Researchers at UK cyber-security company, Fidus Information Security, say that they have found security flaws in a popular Chinese-manufactured white-label location tracker that could be serious enough to warrant a recall.
Which Tracker?
The GPS tracker which is used as a panic alarm for elderly patients, to monitor children, and to track vehicles is white label manufactured but rebranded and sold by several different companies which reportedly include Pebbell (by HoIP Telecom), OwnFone Footprint and SureSafeGo. The tracker uses a SIM card to connect to the 2G/GPRS network. According to Fidus at least 10,000+ of these trackers are currently used in the UK
What’s The Problem?
According to the researchers, simply sending the device a text message with a keyword can trick the tracker into revealing its real-time location. Also, other commands tried by the researchers can allow anyone to call the device and remotely listen in to its in-built microphone without the user knowing, and even remotely stop the signal from the tracker, thereby making the device effectively useless. On its blog, Fidus lists several other things that its researchers were able to do to the device including change or completely remove all emergency contacts, disable the motion alarm, disable fall detection and remove any device PIN which had been set.

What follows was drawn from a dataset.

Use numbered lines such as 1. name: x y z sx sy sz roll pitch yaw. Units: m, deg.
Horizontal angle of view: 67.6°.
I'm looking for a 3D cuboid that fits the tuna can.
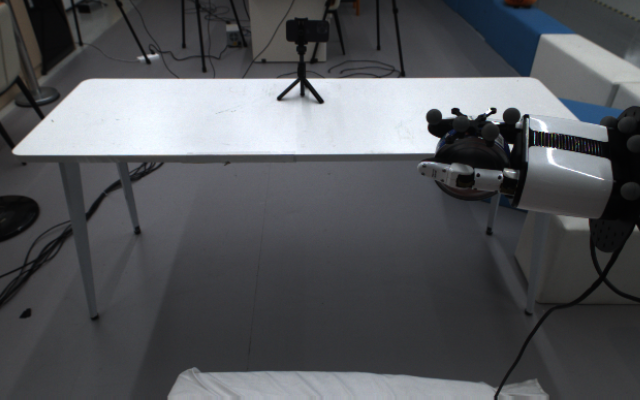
1. tuna can: 0.176 -0.045 0.558 0.085 0.085 0.034 12 39 14

All these scenarios could pose significant risks to the (mainly vulnerable) users of the trackers.
According to Fidus, one of the main reasons why the device has so many security flaws is that it doesn’t appear that the manufacturers, nor the companies reselling the devices, have conducted any security testing or penetration testing of the device.
PIN Problem
The research by Fidus also uncovered the fact that even though the manufacturers built in PIN functionality to help lock the devices down, the PIN, by default, is disabled and users need to read the manual to find out about it, and when enabled, the PIN is required as a prefix to any commands to be accepted by the device, except for REBOOT or RESET functionality. The problem with this is that the RESET functionality is the thing that really could provide any malicious user with the ability to gain remote control of the device. This is because is the RESET command that wipes all stored contacts and emergency contacts, restores the device to factory defaults and means that a PIN is no longer needed.
What Does This Mean For Your Business?
What is particularly disturbing about this story is that the tracking devices are used for some of the most vulnerable members of society. Even though they have been marketed as a way to make a person safer, the cruel irony is that it appears that if they are taken over by a malicious attacker, they could put a person at greater risk.
This story also illustrates the importance of security penetration testing in discovering and plugging security loopholes in devices before making them widely available. This is another example of an IoT/smart device that has security loopholes related to default settings, and with an ever-growing number of IoT devices out there, many of them perhaps not tested as well as they could be, many buyers are unknowingly at risk from hackers.